Fenix vs Ambit...Argh... There is no clear winner, despite what Mystro says. 
If you are outdoor focused (hiking, backpacking, climbing) probably Fenix. 
If you are athletic focused (training, multisport, running) probably Suunto.
For an athlete's comparison, you are better off comparing Ambit to Garmin 910, 610.

Comparing useful features and benefits is always a personal thing.

FWIW, since I got my Ambit in January I have not used my Garmin 610 once. I run 30-50 miles per week. The 610 does several things better than the Ambit, but for an overall choice, I prefer the Ambit. I have used Garmin training watches since their first GPS for runners, the Forerunner 101 and also owned the 205, 305, 405 and 410. I never owned the 910 because I don't do the triathlon thing. I've used the Vector since it came out in 1998 and the Core since it's inception. Both make excellent watches, but their target markets are different.


----------



## martowl

SavageSS said:


> Thanks to everyones view on this thread, made me investigate a lot more into a watch, I even got to try mates Fenix for a day.
> 
> In the End, I put a deposit down on the Ambit2. THe Fenix is a great watch but there was some things to me personally I prefered on the Ambit / Ambit2.
> 
> I actually prefer the menu system in the Ambit, love I can get PTE and Recovery on the watch while exercising, and really prefer Movescount, although MX Activity Mover worked a treat.
> I ended up getting a great price for Ambit2.
> I may still get a Fenix later down the track, I loved the GPS tools it has, they would come in very handy.


Congrats, I think you will be happy and if you have both, I do not, I would probably use the fenix for my fastpack trips and the Suunto for training and competition. Maybe I shoulda kept my Ambit1 and purchased a fenix instead of the Ambit2........my only issue is from what or_watching has posted it would take a week to understand how to use the fenix and then at least a day of remembering what to do before I left with it


----------



## m9w

Ambit 2 memory for log files.

I've been reading this thread with exactly the same thoughts about the memory capacity of the Ambit 2. With no way to save the data from the Ambit 2 apart from a laptop, I too had heard that the memory was a lot larger.
A simple search for "suunto ambit 2 memory" seems to confirm this.
But just to be clear, ANY references to memory increases are incorrect and just relate to the ability to store and run more Apps. There has been absolutely no change in the storage capacity for log files.

I was looking to upgrade from the Ambit to Ambit 2 for this alone, but only got a straight answer when I went to the top at Suunto.

So this information is something I am confident is accurate.

It was explained that the log capacity at a 60 sec interval is more than 50hours, probably nearer 100hours according to their tests. I've asked how accurate this is.

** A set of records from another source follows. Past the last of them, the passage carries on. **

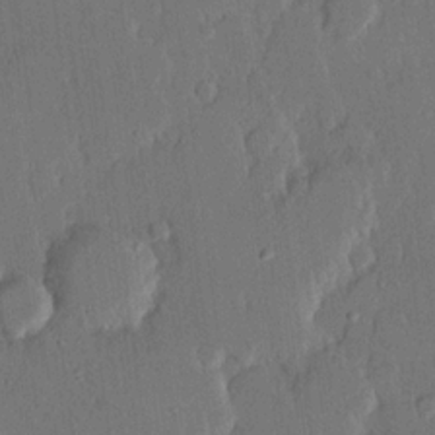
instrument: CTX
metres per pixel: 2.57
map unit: lHvf
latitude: 20.2901
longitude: 146.2739

If I get any further info I will let you know.

But to be clear, this is exactly the same storage capacity as the Ambit.


----------



## cue003

m9w said:


> Ambit 2 memory for log files.
> 
> I've been reading this thread with exactly the same thoughts about the memory capacity of the Ambit 2. With no way to save the data from the Ambit 2 apart from a laptop, I too had heard that the memory was a lot larger.
> A simple search for "suunto ambit 2 memory" seems to confirm this.
> But just to be clear, ANY references to memory increases are incorrect and just relate to the ability to store and run more Apps. There has been absolutely no change in the storage capacity for log files.
> 
> I was looking to upgrade from the Ambit to Ambit 2 for this alone, but only got a straight answer when I went to the top at Suunto.
> 
> So this information is something I am confident is accurate.
> 
> It was explained that the log capacity at a 60 sec interval is more than 50hours, probably nearer 100hours according to their tests. I've asked how accurate this is. If I get any further info I will let you know.
> 
> But to be clear, this is exactly the same storage capacity as the Ambit.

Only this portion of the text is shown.